Draw a big square. Divide it into 9 columns and 9 lines, so that you get 9X9 equal squares in it. So you have 9x9 = 81 places. Now write in 81 numbers one number into each square of course. The numbers are integers and have to start from 1 and have to end at 81. Each number must be placed only one time. Place the numbers in that way that their sum of each column and of each line and of both diagonals are the same. How do you calculate the sum? Post the formula (equation) to calculate the sum which is the same and the finished square with all numbers 1 to 81. How do you arrange the numbers that each square with an odd amount of columns / lines is working (5X5, 13X13, 21X21 for instance.) Please do not google or something, I don't know if there is a solution in the web, but I assume it is. Be a fair player and post your ideas. If you know the solution already, because somebody has shown it to you how it works, please wait a bit and let the others try. Enjoy. BTW: I remembered this because of the other maths thread. A teacher gave us that riddle when I was a child. Hint: You have to think '3 dimensional' to resolve the riddle. (This time it is pure linear and discursive thinking, different regarding the 'Self', lol.)

If you could clarify, I just want to be sure to understand... I think you are meaning that: (sum of each column) = (sum of each line/row) = (sum of any diagonal) Is that correct?

Yes, it's the sum of 9 numbers always that must be the same. It are 9 columns, 9 rows and 2 diagonals. A little more hint: The sum at the 9X9 square is 369 each.

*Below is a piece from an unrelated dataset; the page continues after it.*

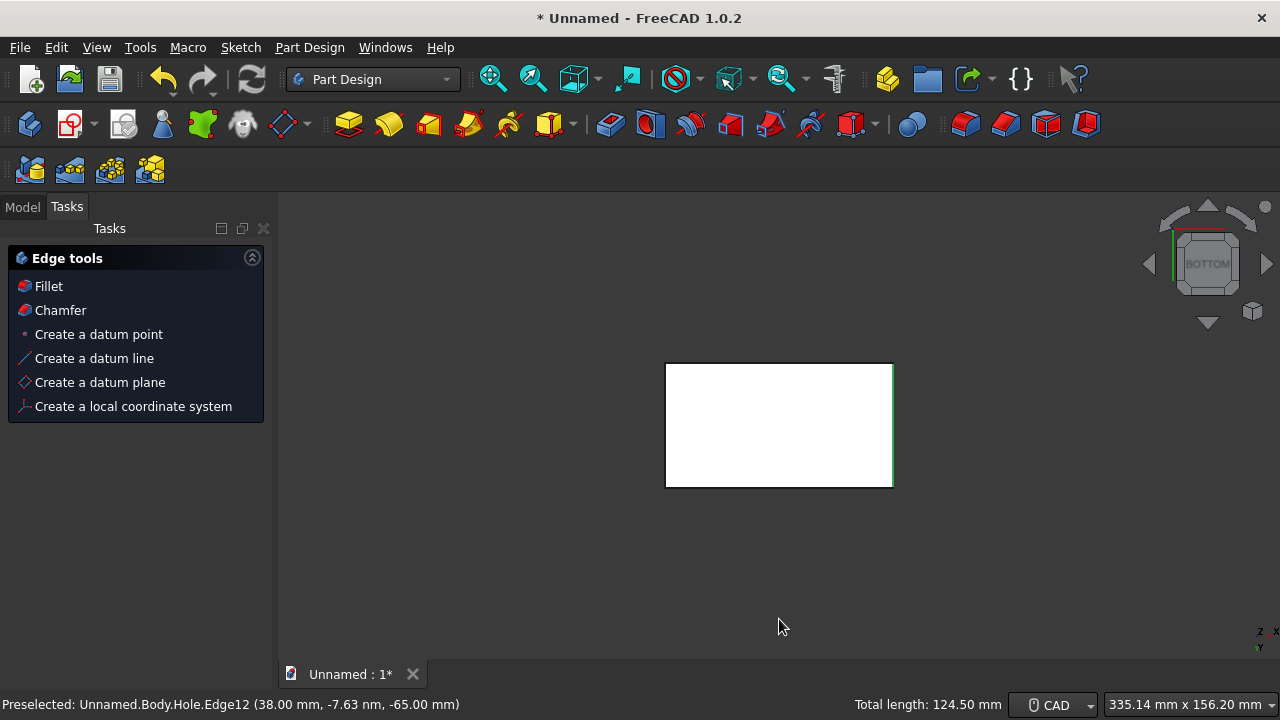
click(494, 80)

Yeah, to calculate the sum is not difficult. One basically has to add all numbers to get the total sum: 1+2+3+4+5+....+81 = total sum. And this total sum is found when the sums of all nine rows | or nine columns are added. So finally you have to divide the total sum by the amount of rows | columns, here divided by 9. Total sum / 9 = sum of each row = sum of each column. To simplify the addition (1+2+3+4+5+6+7+.....+n) one can use Gauß formula: [n*(n+1)]/2 = totalsum. n is the last number to add = total amount of numbers. And to get the sum of each row | column: [n*(n+1)]/(2*z) = sum. z is the amount of rows | columns. Btw: One don't need to write the multiplication signs at this formula [n(n+1)]/(2z)

I love math and have always been good at it, but I've been away from things like this for almost twenty years.

It's hard to resolve I have to admit. There is no direct mathematically algorithm. How to fill up the numbers? Draw the squares and cut the big 9x9 square. Place number one in the middle of the top line. To fill up the numbers to place the next number you have to use the square which is always one line up and one column to the right (means to be placed always diagonally). This is the basic rule to fill the patterns! So number two would have to be placed in a square which is outside of the 9x9 pattern. Bend the square that it becomes a cylindrical roll, from the top to the bottom, in that way that the top and the bottom edges are together. Now you can determine the square which gets number two. (Use the square which is always one line up and one column to the right.) Now continue with number 3 until you reach again the end (here the right side). This will be here at number 5. Now bend it again, this time that way that the left and right edges come together. So you know now where to place number 6. If a square should be occupied already just use the square below the previous number in the same column and continue. This here will firstly happen when you try to place number 10. The square is already occupied by number one, so just place number 10 below the previous number in the same column, which is number 9. When finished one should end with the last number being always placed in the middle of the bottom line. Number one is in the top line and the last number in the bottom line, both located in the middle of the lines. This works with any odd numbered squares.